Now, let's calculate the surface area of the observatory. The surface area of the cylindrical wall is given by A_cylinder = 2πrh, and the surface area of the hemisphere (dome) is A_hemisphere = 2πr^2.
The total surface area A_total is the sum of the two surface areas:
A_total = A_cylinder + A_hemisphere
= 2πrh + 2πr^2
= 2πr(h + r).
The total cost C_total is the product of the surface area and the cost per square foot:
C_total = A_total * c + A_total * 2c
= (2πr(h + r))(c + 2c)
= 2πr(h + r)(c + 2c).
Our goal is to minimize the total cost while keeping the volume V_total constant. To do this, we need to take the derivative of C_total with respect to one of the variables (r or h). However, since we have two variables, it's more convenient to express one variable in terms of the other using the volume equation.
Rearrange the volume equation as follows:
πr^2h + (2/3)πr^3 = V
πr^2h = V - (2/3)πr^3
h = (V - (2/3)πr^3) / (πr^2).
Now we can substitute the expression for "h" back into the cost equation:
C_total = 2πr(h + r)(c + 2c)
= 2πr(((V - (2/3)πr^3) / (πr^2)) + r)(c + 2c)
= 2πr((V - (2/3)πr^3 + rπr^2)) / (πr^2)(c + 2c)
= 2πr((V - (2/3)πr^3 + r^3)) / (πr^2)(c + 2c).
This equation represents the total cost in terms of r, V, and c. To find the most economical proportions, we need to take the derivative of C_total with respect to r, set it to zero, and solve for r.

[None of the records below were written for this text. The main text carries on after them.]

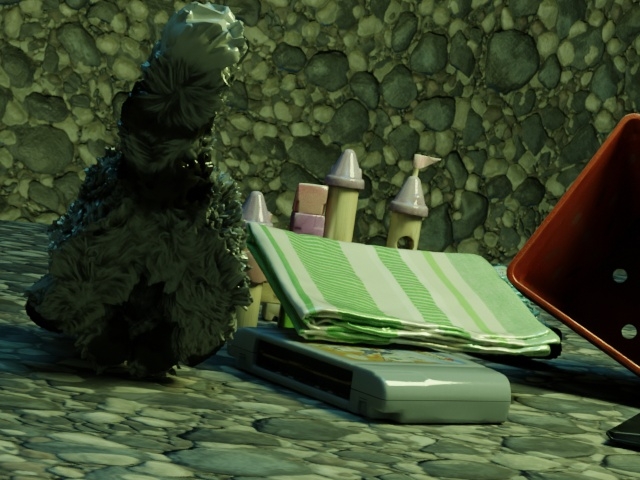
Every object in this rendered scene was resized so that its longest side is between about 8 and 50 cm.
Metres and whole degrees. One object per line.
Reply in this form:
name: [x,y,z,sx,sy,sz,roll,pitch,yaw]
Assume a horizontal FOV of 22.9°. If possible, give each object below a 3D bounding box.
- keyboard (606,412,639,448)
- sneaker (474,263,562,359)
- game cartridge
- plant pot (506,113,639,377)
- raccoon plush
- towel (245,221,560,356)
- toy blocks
keyboard: [0.371,0.203,1.655,0.108,0.023,0.180,2,3,23]
sneaker: [0.239,0.094,2.198,0.110,0.122,0.283,5,5,-28]
game cartridge: [0.057,0.142,1.709,0.198,0.062,0.297,0,8,-35]
plant pot: [0.425,0.048,2.008,0.267,0.267,0.236,36,-7,19]
raccoon plush: [-0.159,-0.063,1.677,0.216,0.446,0.299,24,19,-18]
towel: [0.090,0.056,1.837,0.324,0.038,0.248,6,23,-23]
toy blocks: [0.000,0.000,2.104,0.288,0.260,0.309,7,4,-8]
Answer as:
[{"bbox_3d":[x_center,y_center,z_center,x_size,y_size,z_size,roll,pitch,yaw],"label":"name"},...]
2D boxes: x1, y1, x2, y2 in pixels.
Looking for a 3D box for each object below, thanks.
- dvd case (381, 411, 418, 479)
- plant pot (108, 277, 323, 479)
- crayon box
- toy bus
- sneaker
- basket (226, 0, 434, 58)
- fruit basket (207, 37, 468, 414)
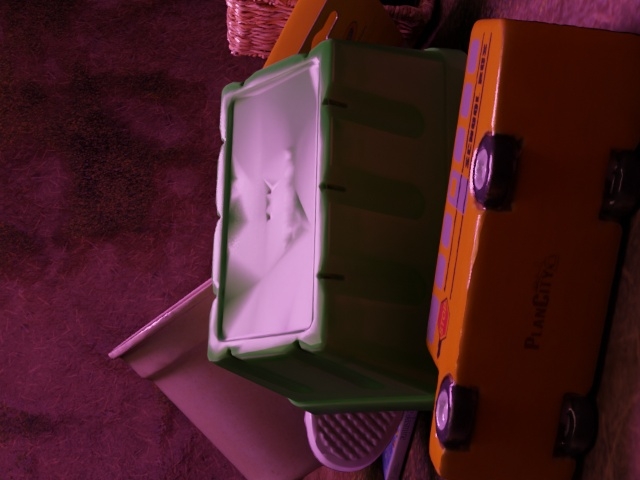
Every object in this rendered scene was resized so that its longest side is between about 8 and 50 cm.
[{"bbox_3d":[0.112,0.180,1.201,0.180,0.022,0.253,-93,11,-55],"label":"dvd case"},{"bbox_3d":[-0.093,0.194,1.315,0.305,0.334,0.334,55,173,-3],"label":"plant pot"},{"bbox_3d":[0.021,-0.214,1.139,0.202,0.081,0.318,-62,-25,-2],"label":"crayon box"},{"bbox_3d":[0.149,0.009,0.651,0.130,0.108,0.333,-112,28,-76],"label":"toy bus"},{"bbox_3d":[0.049,0.161,1.139,0.127,0.126,0.321,113,173,-55],"label":"sneaker"},{"bbox_3d":[0.013,-0.397,1.308,0.223,0.299,0.214,116,159,-78],"label":"basket"},{"bbox_3d":[0.065,0.003,0.939,0.283,0.392,0.392,-13,67,44],"label":"fruit basket"}]

Differentiating C_total with respect to r:
dC_total/dr = 2π[(V - (2/3)πr^3 + r^3)(1) - r(2/3)π(3r^2)] / (πr^2)(c + 2c)
= 2π[(V - (2/3)πr^3 + r^3) - 2(1/3)πr^3] / (πr^2)(c + 2c)
= 2π(V - (2/3)πr^3 + r^3 - (2/3)πr^3) / (πr^2)(3c)
= 2π(V + (1/3)πr^3) / (πr^2)(3c)
= 2(V + (1/3)πr^3) / (r^2)(3c).
Setting dC_total/dr to zero:
2(V + (1/3)πr^3) / (r^2)(3c) = 0.
Now, we solve for r:
V + (1/3)πr^3 = 0
V = -(1/3)πr^3
V / (-(1/3)π) = r^3
r = ((3V) / (-π))^(1/3).
Substituting this value of r back into the expression "h = (V - (2/3)πr^3) / (πr^2)", we can solve for h.
h = (V - (2/3)π((3V) / (-π))^(1/3)^3) / (π((3V) / (-π))^(1/3)^2)
= (V + 2V) / (3((3V) / (-π))^(2/3))
= (3V) / (3((3V) / (-π))^(2/3))
= (-πV) / ((3V)^(2/3)).
Thus, we have the values of r and h in terms of V, which can be considered the most economical proportions for the given volume.